3.3 Tropism prevalence

This study included a total of 27 articles to calculate the pooled effect size of Non-R5 and R5 tropism virus prevalence among HIV-1 PLWH. The meta-analysis (Figure 2) demonstrated that the random-effects model yielded a pooled prevalence of 15.68% [95% confidence interval (CI): 12.43-19.24%] for Non-R5 tropism and 84.32% (95% CI: 80.76-87.57%) for R5 tropism. Substantial heterogeneity was observed with I²=95.0%, accompanied by significant between-study variation (QB = 518.800, P < 0.001).

Figure 2
Forest plot showing proportions and confidence intervals for Non-R5 and R5 groups across multiple studies. Non-R5 proportions range from 3.29% to 38.74%, while R5 shows higher proportions between 61.26% and 95.14%. Overall proportion is represented with random effects model at 84.32%. Heterogeneity statistics are displayed at the bottom.

Figure 2. Meta-analyses on viral tropism prevalence among newly diagnosed PLWH.

3.4 Subgroup analysis

Area subgroup (23 data points): 1 article contributed 2 data points (Europe Country and Other), while 5 articles did not report sample sources.
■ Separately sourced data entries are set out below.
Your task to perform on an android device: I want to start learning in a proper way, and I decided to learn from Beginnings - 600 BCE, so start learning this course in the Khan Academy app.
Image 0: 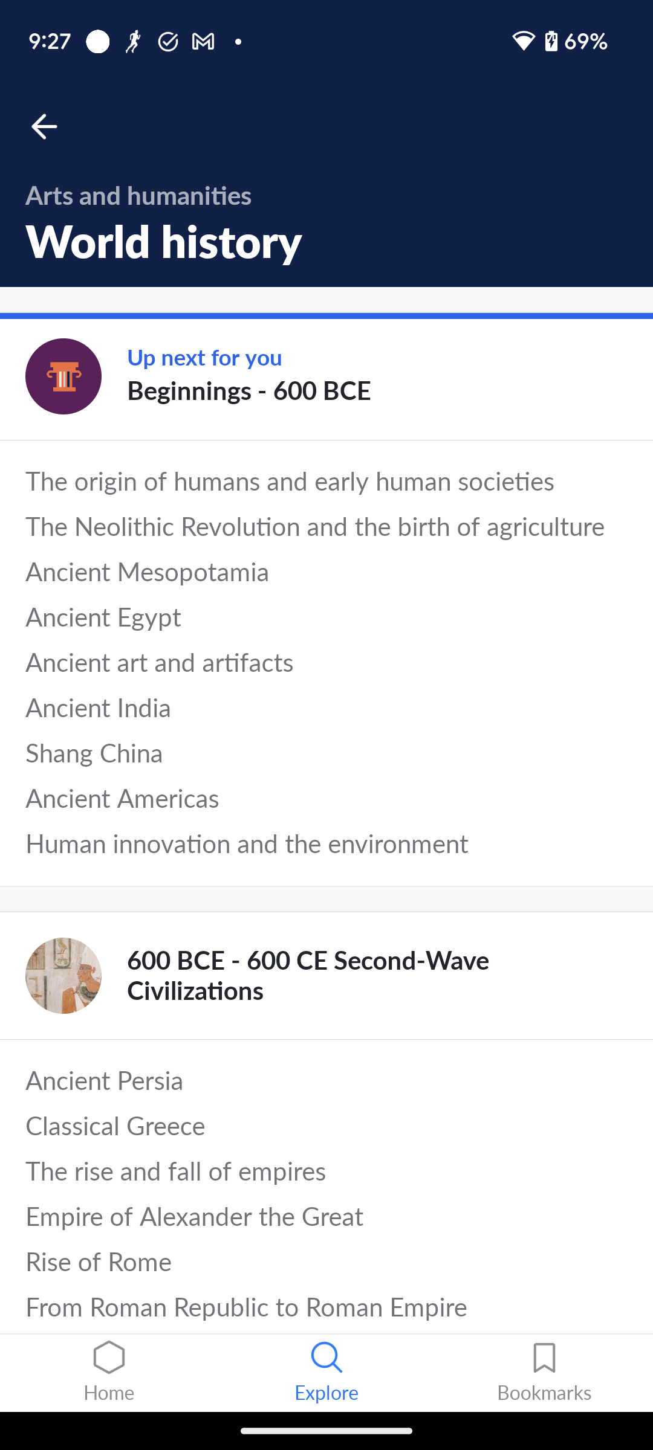
Click on the Beginnings - 600 BCE to start this course.
Step 0: click (364, 391)
Image 1: 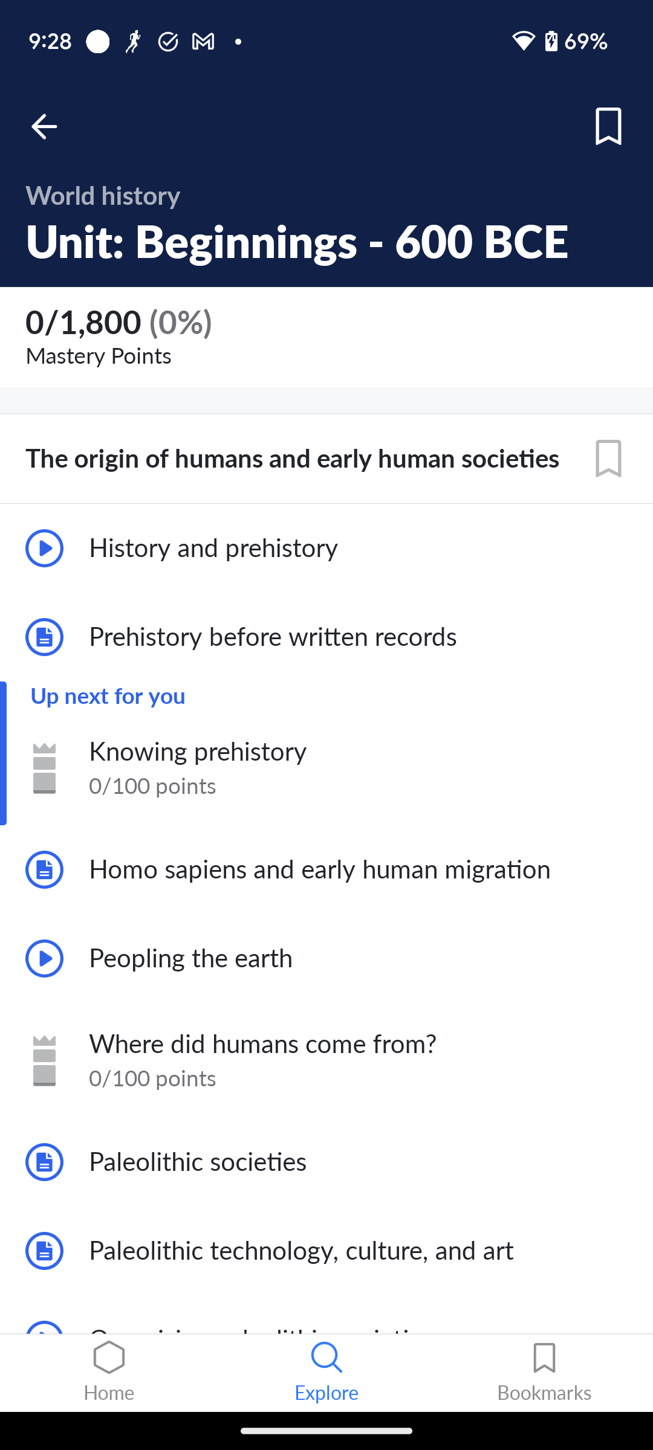
Click on the History and prehistory option to start learning the first chapter of this course.
Step 1: click (358, 548)
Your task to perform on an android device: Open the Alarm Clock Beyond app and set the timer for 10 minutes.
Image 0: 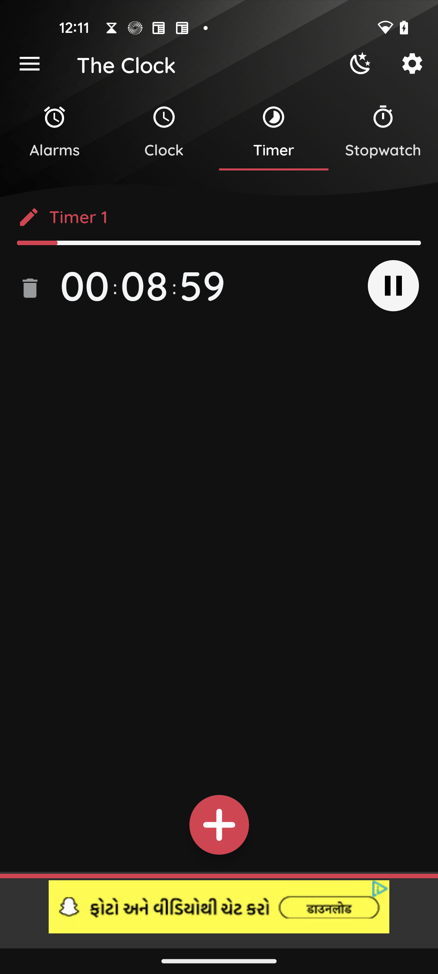
Open the Alarm Clock Beyond app
Step 0: open app "Alarm Clock Beyond"
Image 1: 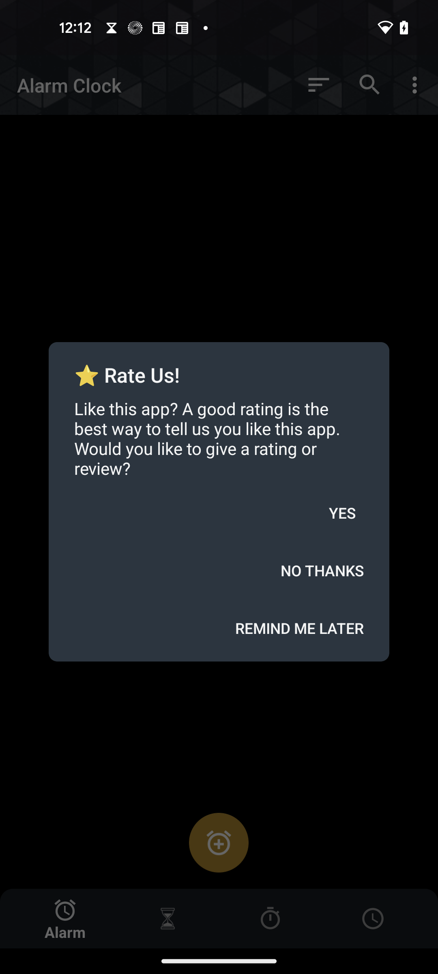
Click on the No Thanks
Step 1: click (322, 570)
Image 2: 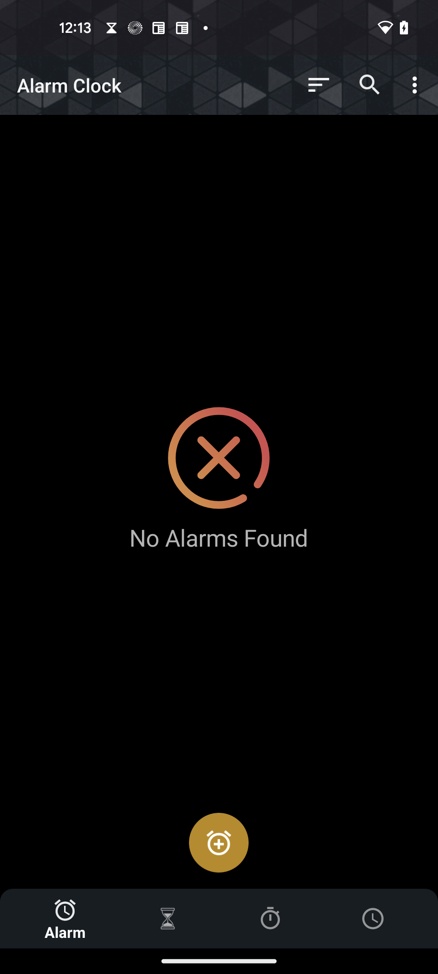
Go to the timer section
Step 2: click (167, 918)
Image 3: 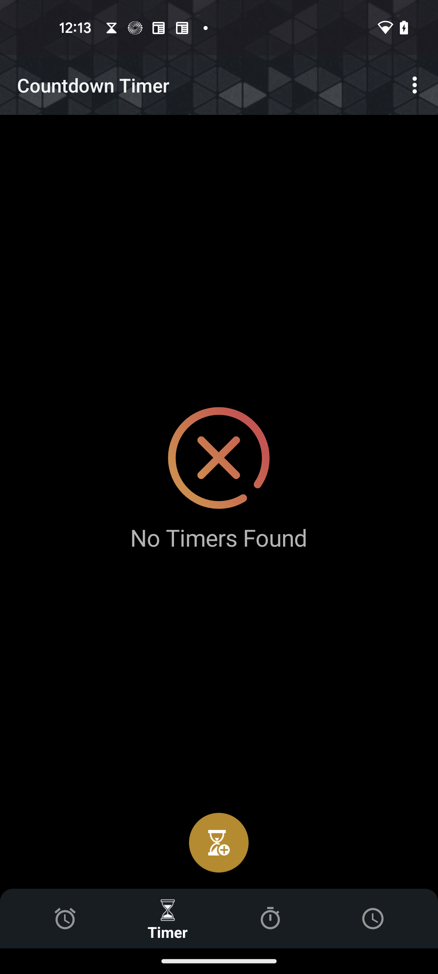
Add a New timer
Step 3: click (219, 843)
Image 4: 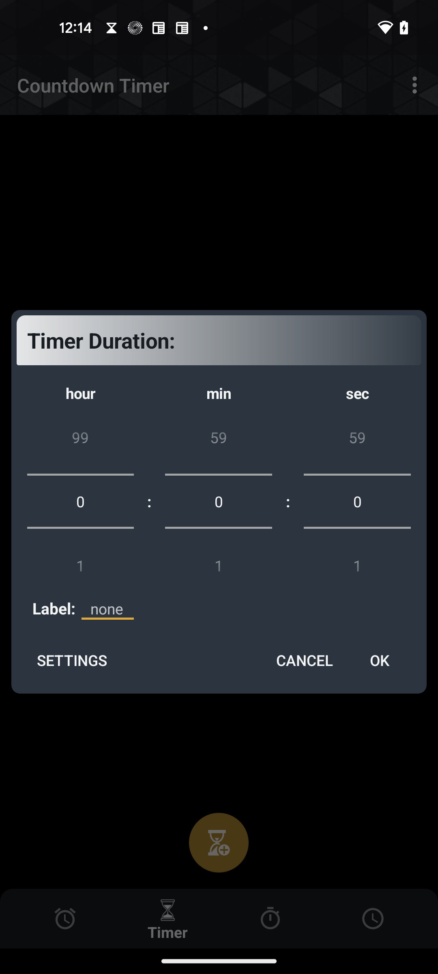
Go to the Minute dialer section
Step 4: click (213, 499)
Image 5: 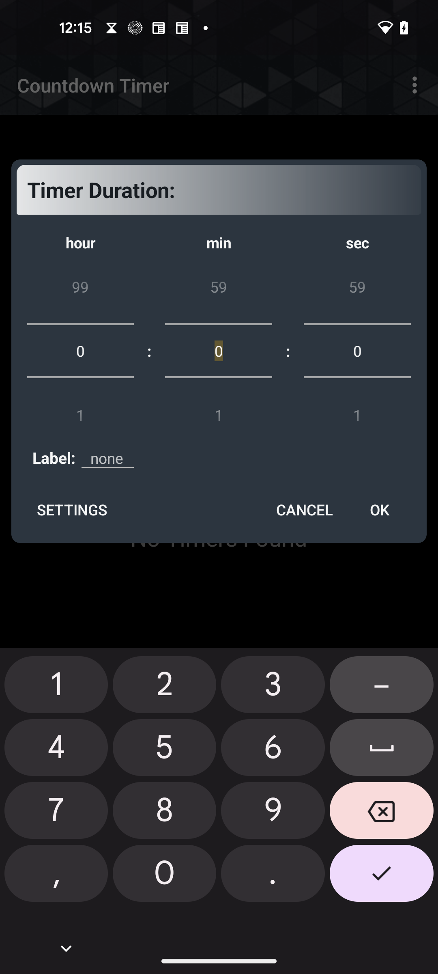
Set the Timer to 10 minutes
Step 5: type "10"
Image 6: 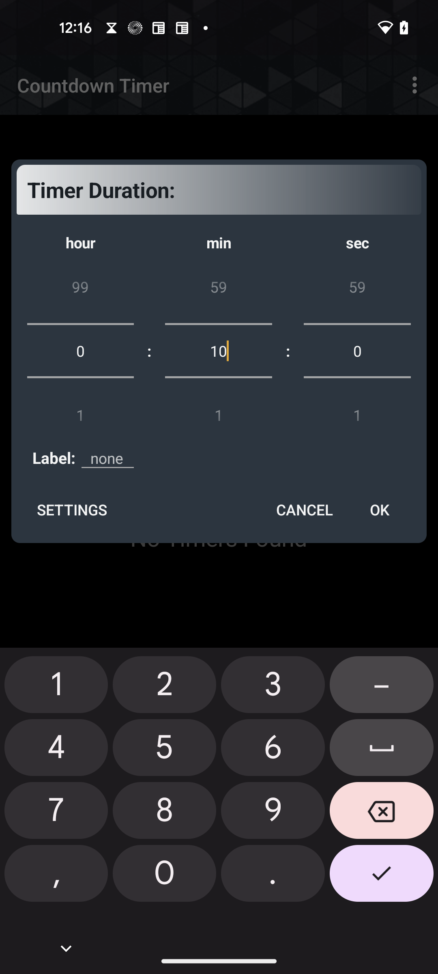
Click on the OK button
Step 6: click (379, 509)
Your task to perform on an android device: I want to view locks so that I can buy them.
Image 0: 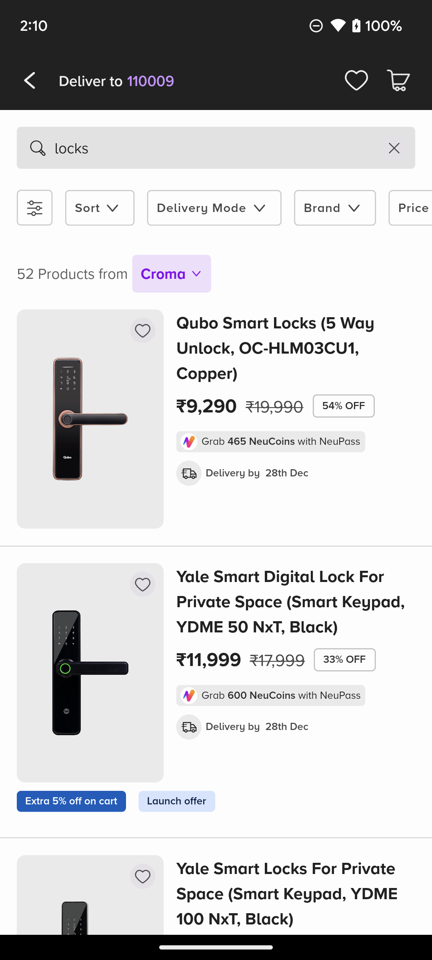
Swipe up on the screen.
Step 0: scroll down
Image 1: 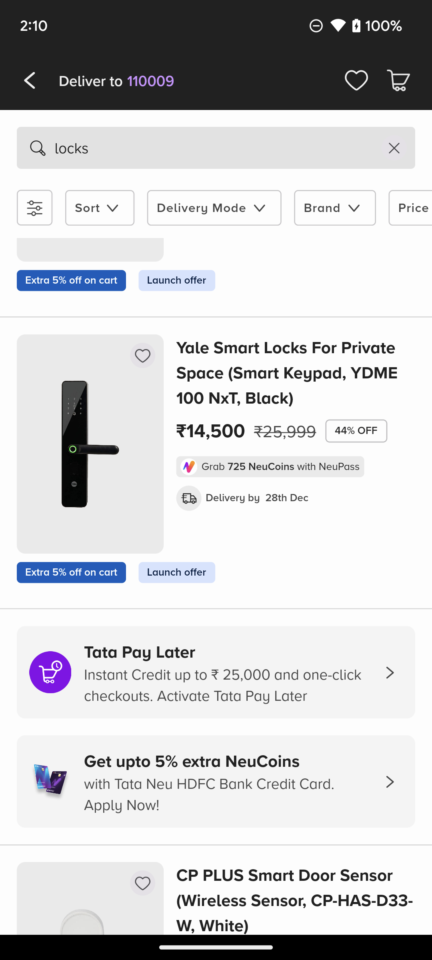
Swipe up on the screen.
Step 1: scroll down
Image 2: 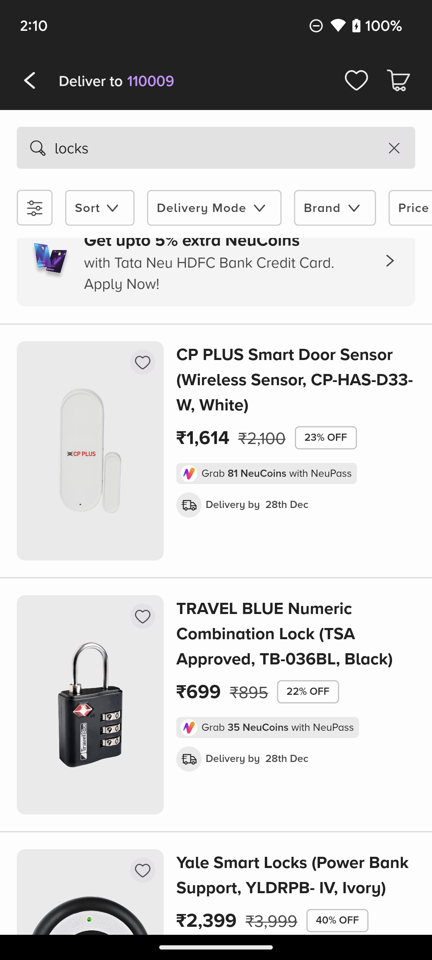
Swipe up on the screen.
Step 2: scroll down
Image 3: 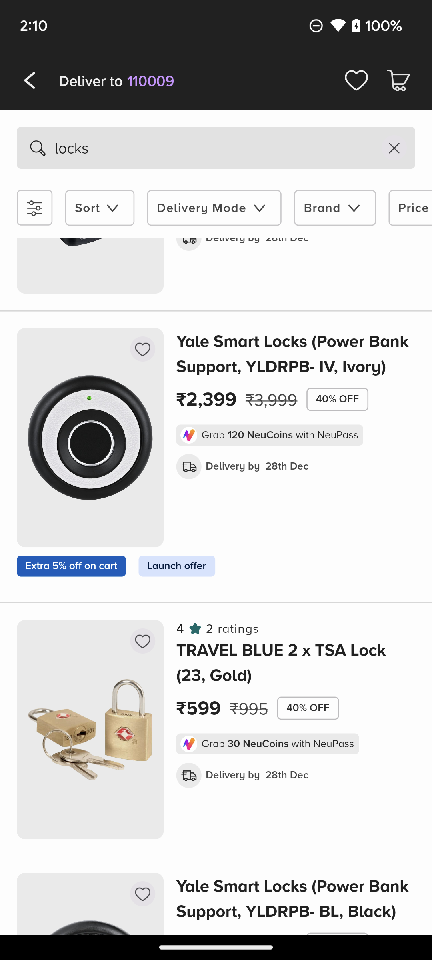
Click on the Travel Blue lock on the screen.
Step 3: click (216, 729)
Image 4: 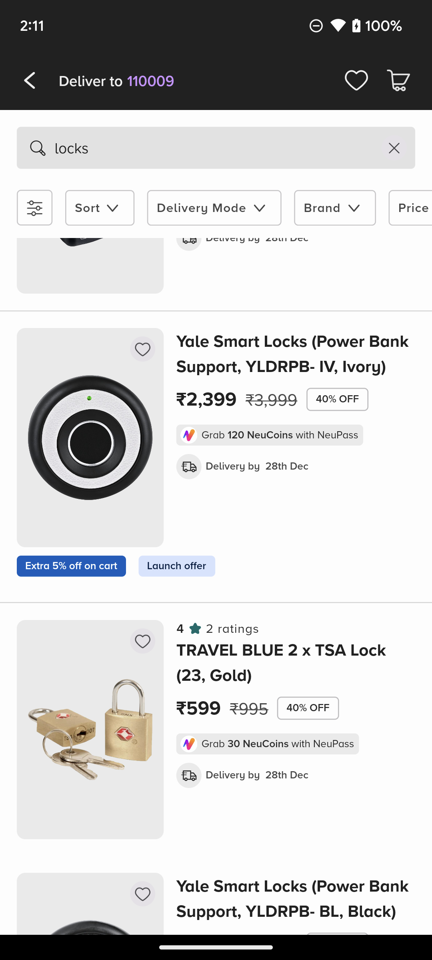
Click on the Travel Blue lock on the screen.
Step 4: wait
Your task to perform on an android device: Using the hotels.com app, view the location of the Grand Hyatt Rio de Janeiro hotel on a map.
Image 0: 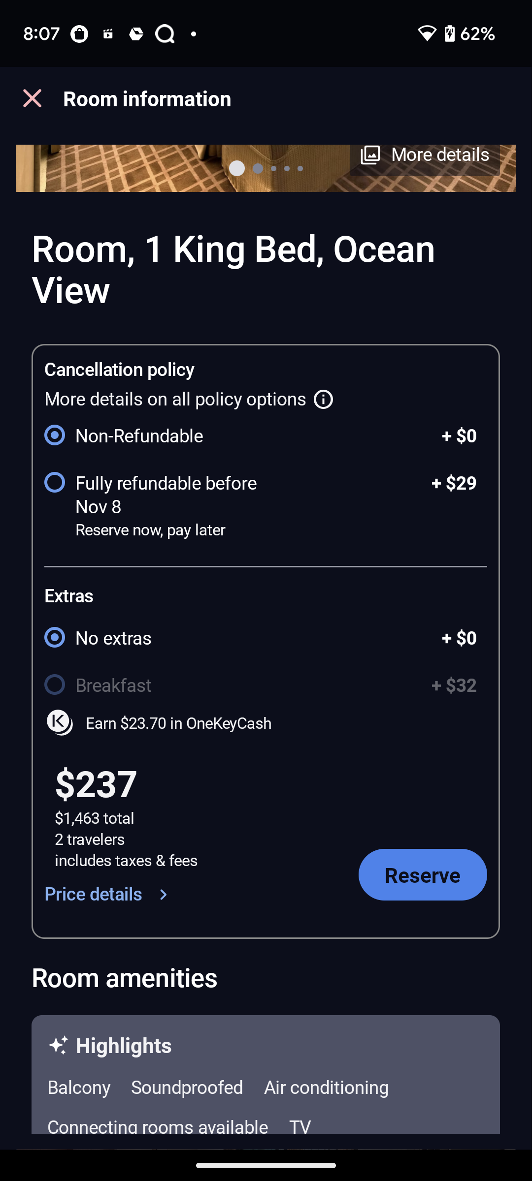
go back to the previous page
Step 0: press back button
Image 1: 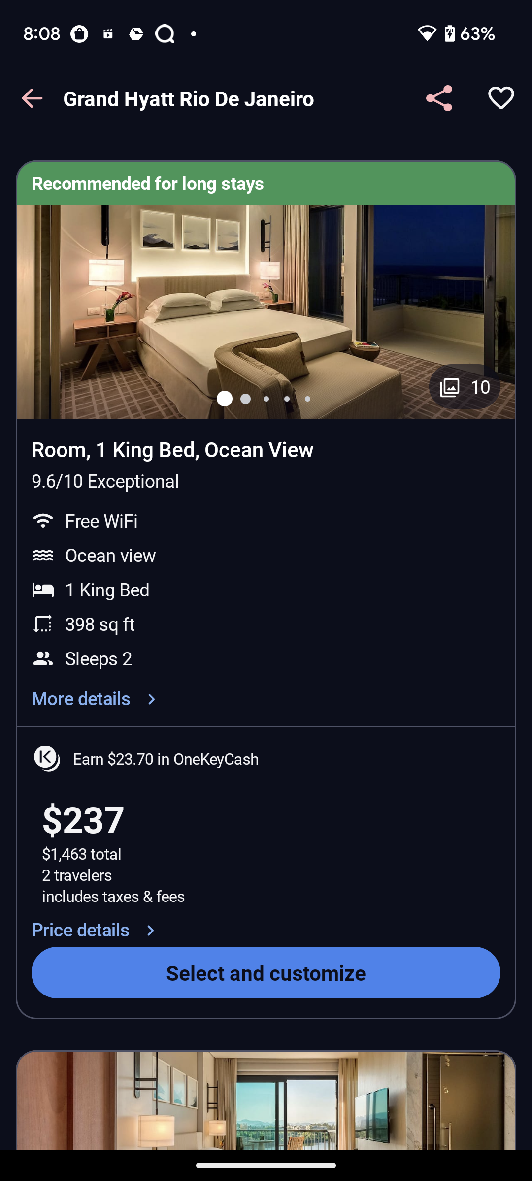
swipe down 
Step 1: scroll up
Image 2: 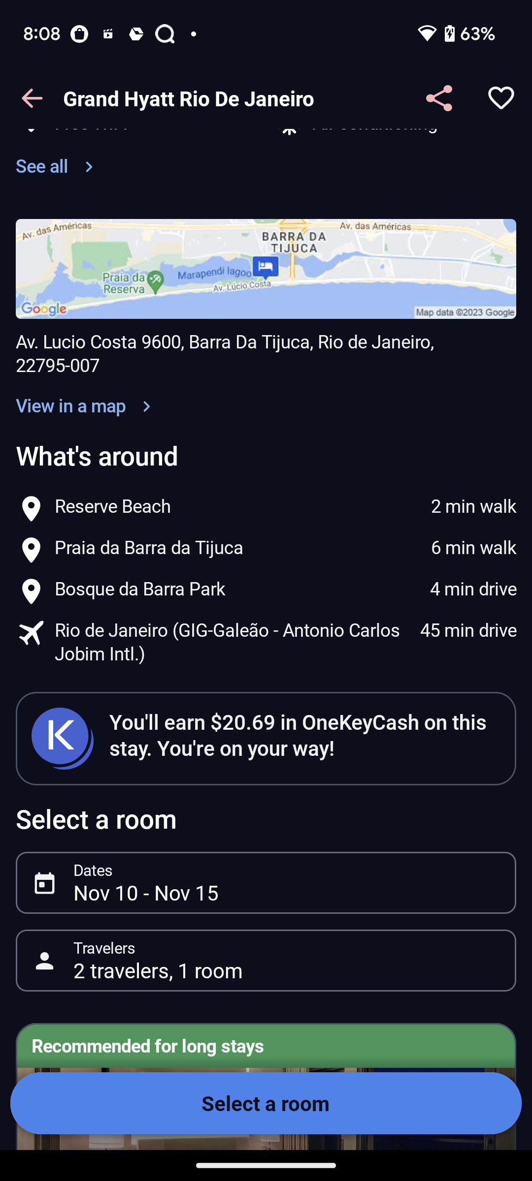
Click on View in a map
Step 2: click (70, 405)

Transmission Route 1 subgroup: 6 articles included 2 data points (IDU and Sex), 2 articles reported 2 data points (Sex and Other), and 2 articles provided 3 data points (IDU, Sex, and Other). 12 articles lacked extractable subgroup information. Transmission Route2 subgroup (Sex transmission, 20 data points): 8 articles reported 2 data points (MSM and Hetero), and 15 articles lacked relevant data. HIV gene subtype subgroup (24 data points), 3 articles reported 3 data points (CRF01_AE, B, and other subtypes), 1 article provided 2 data points (CRF01_AE and B), 10 articles had no relevant data.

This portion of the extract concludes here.